P. Marko Ivan Rupnik Battesimo del Signore - Anno B

Battesimo del Signore - Anno B
Mc 1,7-11
Congregatio pro Clericis
Questo evento così brevemente raccontato da Marco è in qualche modo la sintesi di tutto il suo
vangelo e di tutta l’opera di Cristo. Cristo scende dalla Galilea in un cammino che lo porta diritto al Giordano, il luogo anche geograficamente più basso della terra, e così è visibilmente chiaro l’abbassamento del Figlio di Dio. Il fiume Giordano ha il colore della terra. Lui entra in quella acqua fangosa e sporca, immagine esatta di un’umanità fatta di terra che rimane tale quando con il peccato si spegne lo Spirito.

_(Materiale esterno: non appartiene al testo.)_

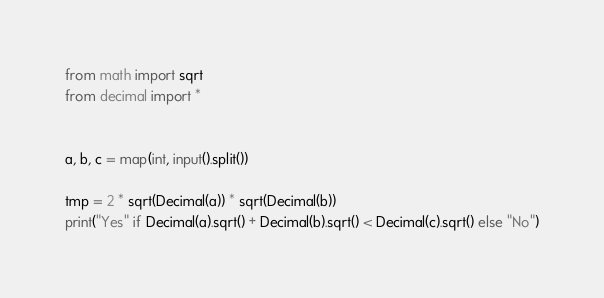Convert code to text. <code><loc_0><loc_0><loc_500><loc_500><_Python_>from math import sqrt
from decimal import *


a, b, c = map(int, input().split())

tmp = 2 * sqrt(Decimal(a)) * sqrt(Decimal(b))
print("Yes" if Decimal(a).sqrt() + Decimal(b).sqrt() < Decimal(c).sqrt() else "No")
</code> 
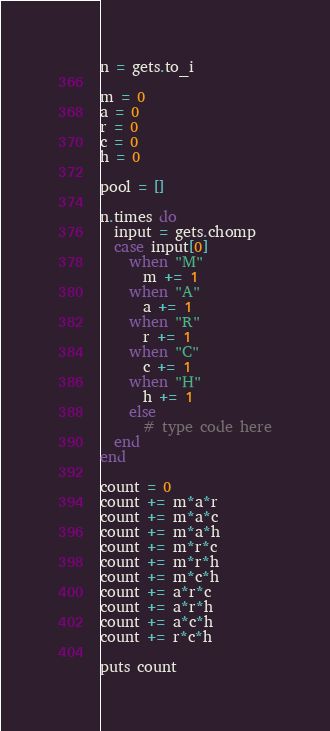<code> <loc_0><loc_0><loc_500><loc_500><_Ruby_>n = gets.to_i

m = 0
a = 0
r = 0
c = 0
h = 0

pool = []

n.times do
  input = gets.chomp
  case input[0]
    when "M"
      m += 1
    when "A"
      a += 1
    when "R"
      r += 1
    when "C"
      c += 1
    when "H"
      h += 1
    else
      # type code here
  end
end

count = 0
count += m*a*r
count += m*a*c
count += m*a*h
count += m*r*c
count += m*r*h
count += m*c*h
count += a*r*c
count += a*r*h
count += a*c*h
count += r*c*h

puts count</code> 
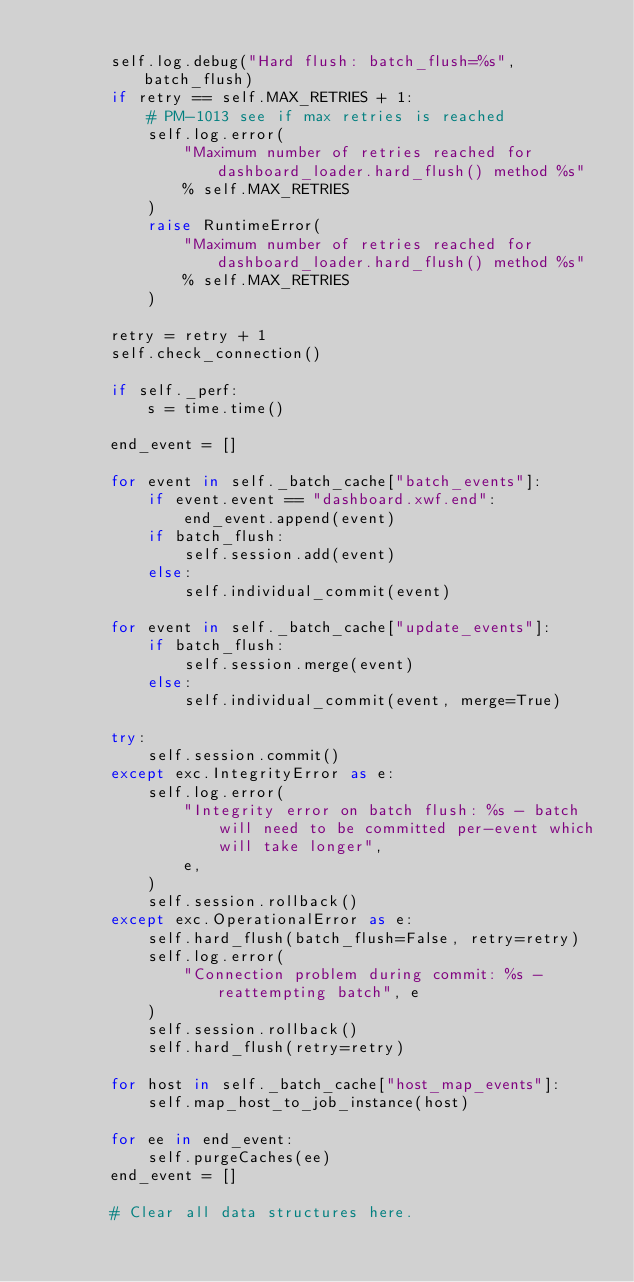<code> <loc_0><loc_0><loc_500><loc_500><_Python_>
        self.log.debug("Hard flush: batch_flush=%s", batch_flush)
        if retry == self.MAX_RETRIES + 1:
            # PM-1013 see if max retries is reached
            self.log.error(
                "Maximum number of retries reached for dashboard_loader.hard_flush() method %s"
                % self.MAX_RETRIES
            )
            raise RuntimeError(
                "Maximum number of retries reached for dashboard_loader.hard_flush() method %s"
                % self.MAX_RETRIES
            )

        retry = retry + 1
        self.check_connection()

        if self._perf:
            s = time.time()

        end_event = []

        for event in self._batch_cache["batch_events"]:
            if event.event == "dashboard.xwf.end":
                end_event.append(event)
            if batch_flush:
                self.session.add(event)
            else:
                self.individual_commit(event)

        for event in self._batch_cache["update_events"]:
            if batch_flush:
                self.session.merge(event)
            else:
                self.individual_commit(event, merge=True)

        try:
            self.session.commit()
        except exc.IntegrityError as e:
            self.log.error(
                "Integrity error on batch flush: %s - batch will need to be committed per-event which will take longer",
                e,
            )
            self.session.rollback()
        except exc.OperationalError as e:
            self.hard_flush(batch_flush=False, retry=retry)
            self.log.error(
                "Connection problem during commit: %s - reattempting batch", e
            )
            self.session.rollback()
            self.hard_flush(retry=retry)

        for host in self._batch_cache["host_map_events"]:
            self.map_host_to_job_instance(host)

        for ee in end_event:
            self.purgeCaches(ee)
        end_event = []

        # Clear all data structures here.</code>

A quelle acque Cristo conferisce il colore della sua divinità, come ha detto Cirillo di Gerusalemme e alcuni altri padri, e in quelle acque sono santificate tutte le acque del mondo perché possano santificare noi nell’ora della nostra morte e risurrezione, al nostro battesimo. Giacomo di Sarug, grande padre siriaco, sottolinea che Cristo scendendo nelle acque del suo battesimo si spogliò della gloria e depose la veste di luce e di gloria nelle acque così che quando arriverà Adamo nudo, veramente figlio della terra, fatto di fango, potrà rivestirsi della veste di gloria che l’angelo decaduto gli ha derubato tra gli alberi dell’Eden.

Marco registra solo la sua uscita dall’acqua, perché scendere nell’acqua è l’immagine del morire, salire dall’acqua è immagine della risurrezione, del Risorto.

Da queste acque fangose esce il Figlio di Dio, vero Dio e vero uomo, in fila con i penitenti. È la solidarietà il principio della divinizzazione dell’uomo: è Dio che si rende solidale a noi, basta pensare quanta enfasi sulla solidarietà di Cristo Sacerdote con l’umanità, mette la Lettera agli Ebrei. Ed è questo il principio della nostra divinizzazione secondo Dio.

I cieli si squarciano, e il termine skizein lascia intendere che è qualcosa di irreversibile, irreparabile. È lo stesso termine che Marco usa nel momento della morte di Gesù, quando si squarcia il velo che non ha più senso. Cristo è entrato nella morte che separava l’uomo da Dio. Sono due momenti della rivelazione di chi è il vero Dio, cioè colui che offre la propria vita per tutti, senza nessuna colpa.  Allora tutto ciò che era dietro il velo si versa sul popolo, adesso siamo noi ad essere bagnati dalla rivelazione di Dio, in quest’onda di grazia che viene dall’al di là del velo. Secondo i rabbini erano 500 anni di camino tra un cielo e l’altro, e c’erano 7 cieli.  Tutta questa distanza ora è azzerata e Lui è la porta aperta (cf Eb 10, 20)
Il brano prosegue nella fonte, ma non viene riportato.